As a side benefit of B.o.B.'s silliness, io9 also brings us a brief history of the Flat Earth Society, which was ( is! ) a real thing promoted by a real True Believer who was certain that Earth is flat, NASA is a fraud, and there aren't any satellites, either. And it also reminds me that one of these days I need to finish reading  Flat Earth: The History of an Infamous Idea,  which among other things, makes absolutely clear that nobody in Christopher Columbus's crew was afraid of falling off the edge of the world.
Issues Of Our Day: 'A Cup Of Coffee'
From BoingBoing comes this student film-like thing from 1980, dredged up by the YouTube channel Hard-to-Find Mormon Videos, which we definitely need to explore further. "A Cup of Coffee" tells a tale of moral questioning, with a twist ending that we guarantee is worthy of M. Night Shyamalan if he were a high school sophomore in 1980. Strangely, the main action of the movie is all conveyed through still photos with semi-audible voiceovers, while a sign-language interpreter stands in the way of several of the shots. It might be a masterpiece of naïve filmmaking, or it might be about coffee. WHO CAN TELL? You will never look at Juan Valdez the same.
Here Is A Movie Where Christopher Walken Turns Kevin Spacey Into A Kitty Cat
If the threat of coffee doesn't make you question all your assumptions about reality, then how about this trailer for the upcoming theatrical release  Nine Lives, which as far as we can tell is a real thing that people paid actual money to make. Five people were paid to write it (no, that doesn't scream "development hell" at all), and Barry Sonnenfeld was paid to direct it, and Kevin Spacey, Christopher Walken, Jennifer Garner, were given money to perform in it. Or perhaps they were all blackmailed by a shadowy conspiracy. It is the story of a rich man who is forced to live inside the body of a cat, to learn a lesson about appreciating his family or something. Nobody had the courage to say "No," which is also how we got the Donald Trump campaign.
 Nine Lives is scheduled to be expelled into an uncaring world August 5, and our entire culture and economy are nothing but lies, despicable lies.
How A Cheesy Anime Adaptation Made One Nerd's Life Bearable

Oh, this is much more like it: A lovely essay by novelist Charlie Jane Anders about how Star Blazers, the 1980s American re-cut and re-dub of the 1970s Japanese series Space Battleship Yamato, made one of the worst years of her life as a nerdy kid bearable.

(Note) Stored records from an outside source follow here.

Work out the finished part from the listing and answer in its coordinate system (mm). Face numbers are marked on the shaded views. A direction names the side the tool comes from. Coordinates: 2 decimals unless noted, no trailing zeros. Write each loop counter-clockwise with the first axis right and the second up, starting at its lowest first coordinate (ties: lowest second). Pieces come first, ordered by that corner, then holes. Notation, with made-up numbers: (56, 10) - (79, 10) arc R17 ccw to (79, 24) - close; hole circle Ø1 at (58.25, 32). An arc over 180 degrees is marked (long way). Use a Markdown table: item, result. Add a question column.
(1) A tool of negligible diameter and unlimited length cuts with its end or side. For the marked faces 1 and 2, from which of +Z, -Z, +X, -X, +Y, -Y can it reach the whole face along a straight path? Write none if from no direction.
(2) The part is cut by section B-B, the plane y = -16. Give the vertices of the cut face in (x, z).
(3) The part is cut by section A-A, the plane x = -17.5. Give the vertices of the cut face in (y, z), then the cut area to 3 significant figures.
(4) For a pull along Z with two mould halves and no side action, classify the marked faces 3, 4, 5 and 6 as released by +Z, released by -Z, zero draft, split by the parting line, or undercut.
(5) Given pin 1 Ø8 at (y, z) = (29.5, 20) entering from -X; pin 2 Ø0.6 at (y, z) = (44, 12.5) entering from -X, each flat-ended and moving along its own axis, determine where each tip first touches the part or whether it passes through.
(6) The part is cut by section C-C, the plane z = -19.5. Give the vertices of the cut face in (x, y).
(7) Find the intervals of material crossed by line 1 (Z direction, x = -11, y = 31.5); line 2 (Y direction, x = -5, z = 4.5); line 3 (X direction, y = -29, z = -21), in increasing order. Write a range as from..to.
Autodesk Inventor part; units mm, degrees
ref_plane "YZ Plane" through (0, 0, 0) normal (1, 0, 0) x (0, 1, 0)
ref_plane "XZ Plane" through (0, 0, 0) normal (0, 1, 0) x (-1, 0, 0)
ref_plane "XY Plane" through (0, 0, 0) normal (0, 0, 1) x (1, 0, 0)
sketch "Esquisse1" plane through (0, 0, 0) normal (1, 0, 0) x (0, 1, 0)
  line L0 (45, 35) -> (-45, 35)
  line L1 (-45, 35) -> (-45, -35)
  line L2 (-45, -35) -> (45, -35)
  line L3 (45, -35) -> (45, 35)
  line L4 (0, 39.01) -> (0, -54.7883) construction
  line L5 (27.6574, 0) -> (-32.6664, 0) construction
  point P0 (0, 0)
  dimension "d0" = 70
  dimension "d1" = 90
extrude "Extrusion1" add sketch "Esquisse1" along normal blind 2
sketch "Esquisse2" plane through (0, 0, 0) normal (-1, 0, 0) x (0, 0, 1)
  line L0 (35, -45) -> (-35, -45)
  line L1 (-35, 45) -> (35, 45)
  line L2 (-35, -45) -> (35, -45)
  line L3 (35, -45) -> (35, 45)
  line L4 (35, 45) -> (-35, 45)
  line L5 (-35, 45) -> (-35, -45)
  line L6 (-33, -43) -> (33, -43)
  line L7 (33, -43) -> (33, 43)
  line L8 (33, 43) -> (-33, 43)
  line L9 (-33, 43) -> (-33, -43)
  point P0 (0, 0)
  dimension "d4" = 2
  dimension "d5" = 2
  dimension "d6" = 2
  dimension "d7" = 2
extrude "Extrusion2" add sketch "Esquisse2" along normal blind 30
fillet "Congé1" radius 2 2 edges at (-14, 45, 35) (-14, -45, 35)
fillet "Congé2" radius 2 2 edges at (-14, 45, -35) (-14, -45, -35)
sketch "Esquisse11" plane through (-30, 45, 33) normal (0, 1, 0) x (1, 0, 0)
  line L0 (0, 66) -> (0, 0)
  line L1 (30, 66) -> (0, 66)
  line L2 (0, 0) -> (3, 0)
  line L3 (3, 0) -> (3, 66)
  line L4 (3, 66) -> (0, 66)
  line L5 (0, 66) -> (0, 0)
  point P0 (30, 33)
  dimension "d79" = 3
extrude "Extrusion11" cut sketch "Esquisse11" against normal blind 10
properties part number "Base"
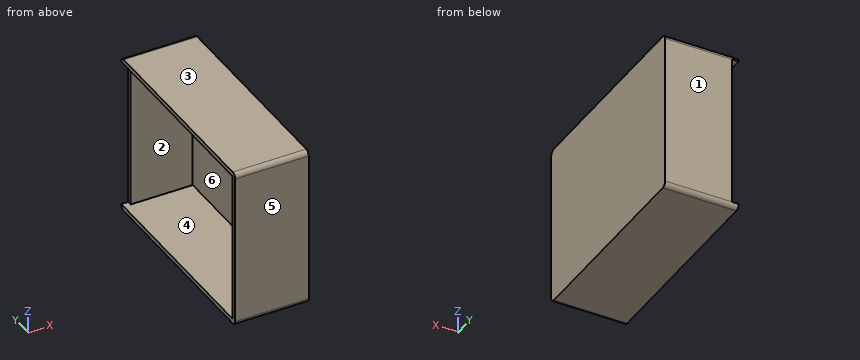
Model answer:
| question | item | result |
|---|---|---|
| 1 | face 1 | +Z, -Z, +X, -X, +Y |
| 1 | face 2 | -X |
| 2 | outline | (-30, -35) - (2, -35) - (2, 35) - (-30, 35) - (-30, 33) - (0, 33) - (0, -33) - (-30, -33) - close |
| 3 | outline | (-45, -33) arc R2 ccw to (-43, -35) - (43, -35) arc R2 ccw to (45, -33) - (45, 33) arc R2 ccw to (43, 35) - (-43, 35) arc R2 ccw to (-45, 33) - close; hole (-43, -33) - (43, -33) - (43, 33) - (-43, 33) - close |
| 3 | area | 621 mm^2 |
| 4 | face 3 | released by +Z |
| 4 | face 4 | undercut |
| 4 | face 5 | zero draft |
| 4 | face 6 | undercut |
| 5 | pin 1 | x = 0 |
| 5 | pin 2 | x = -27 |
| 6 | outline | (-30, -45) - (2, -45) - (2, 45) - (-27, 45) - (-27, 43) - (0, 43) - (0, -43) - (-30, -43) - close |
| 7 | line 1 | -35..-33, 33..35 |
| 7 | line 2 | -45..-43, 43..45 |
| 7 | line 3 | 0..2 |

Every day when school ended, I would take off running. I was out of the chair before the bell even tapered off, and into the hallway. I ran like my life depended on it, because there were kids I wanted to avoid running into after school at all costs -- but also, I knew if I made it home without being terrorized, I had Star Blazers to look forward to.
When I write about bullies and feeling isolated in my new book  All the Birds in the Sky,  I’m thinking back to that time in my life. And when I think about mad science and magic helping my two main characters to survive being misfits, I’m definitely remembering how Star Blazers gave me an escape.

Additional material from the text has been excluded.